Unfortunately, it doesn’t appear that anybody tracks the exact quantity of kale purchased by consumers overall. However, the Department of Agriculture does provide detailed estimates of how much kale is either grown by farmers or imported each year (they do this for dozens of crops in a delightful document called the Vegetables and Pulses Yearbook). In 2017, it turns out that there were 335 million pounds of it on the market, up from 145 million pounds in 2012. In that context, the recent drop in retail sales is just not that huge.

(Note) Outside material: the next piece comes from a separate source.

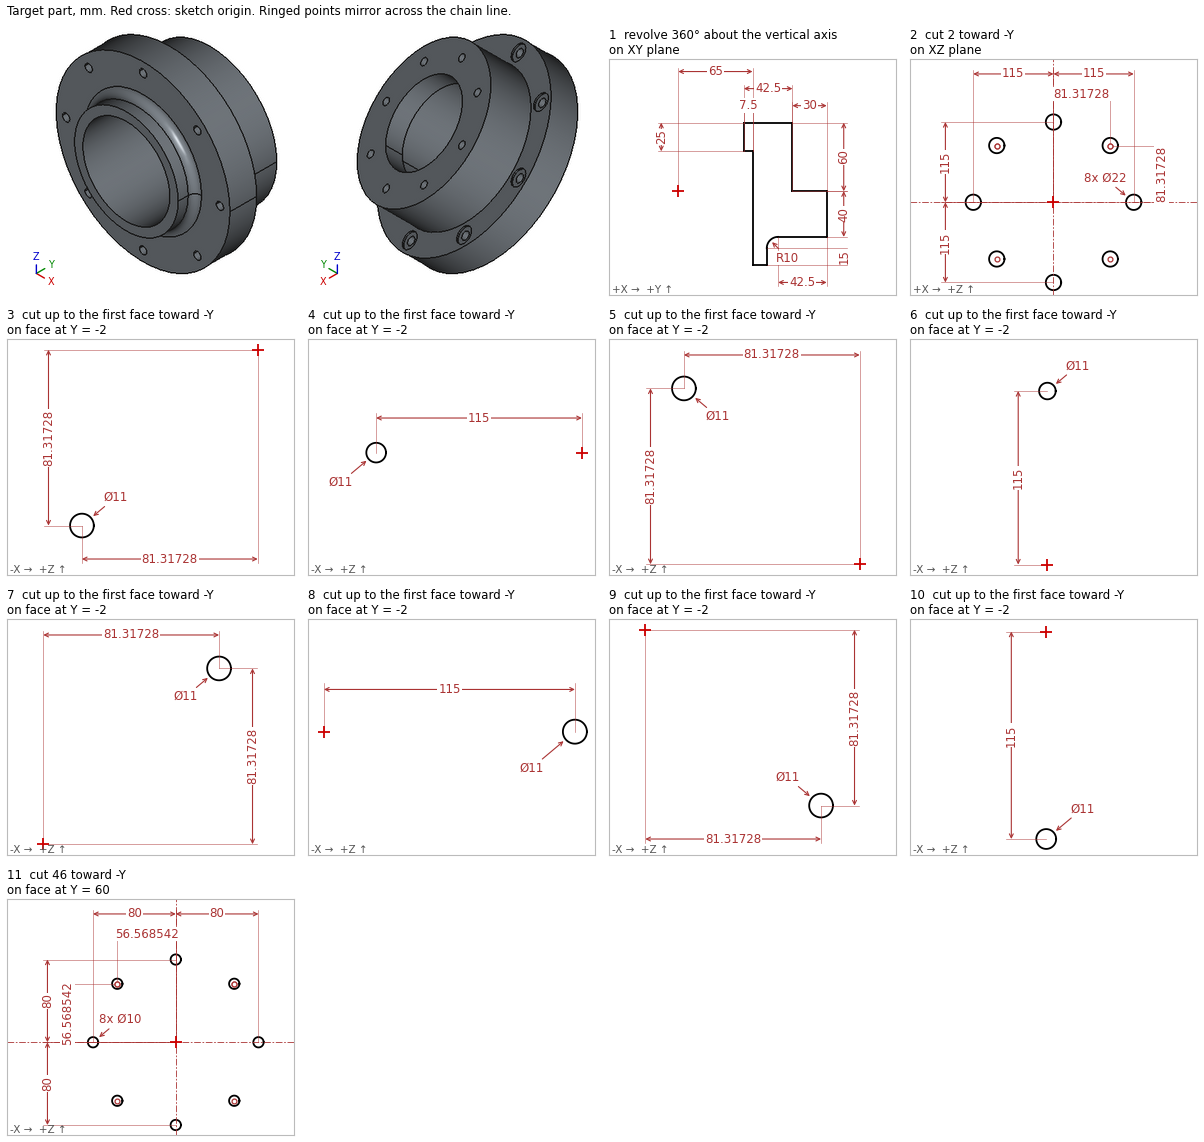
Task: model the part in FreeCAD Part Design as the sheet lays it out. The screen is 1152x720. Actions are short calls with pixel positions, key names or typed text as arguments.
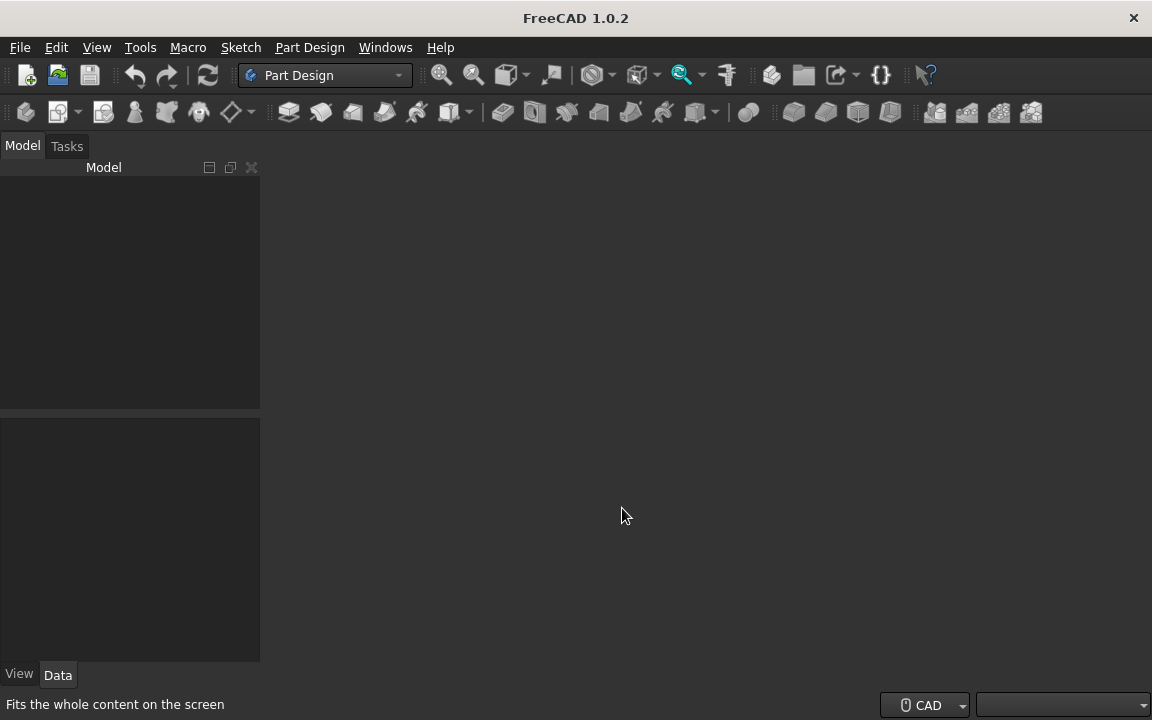
click(26, 76)

But again, the mere fact that kale sales have fallen a bit doesn’t tell us much about why. Mull believes it’s because people never really liked the stuff to begin with. But maybe it’s because kale just got a little too expensive. According to IRI FreshLook, it has gone from $2.05 per pound on average in 2014 to more than $2.46 this year. That might not seem like a huge jump, but it could make a difference to a price-sensitive shopper comparing bags of greens at Publix. Or maybe, given the wide array of choices available these days, shoppers have just spread some love to other greens.

It’s of course possible that some people realized they’d been lying to themselves about kale, that after forcing down forkful after ambivalent forkful, they finally decided to find their vitamin A elsewhere. But the data just doesn’t prove that those feelings are widespread. Food trends come and food trends go. Kale is a bit less popular than at the height of its craze, but it is still retaining the vast majority of its market. Mull might dislike the stuff. But that’s no reason to spin a bitter narrative about a perfectly good green.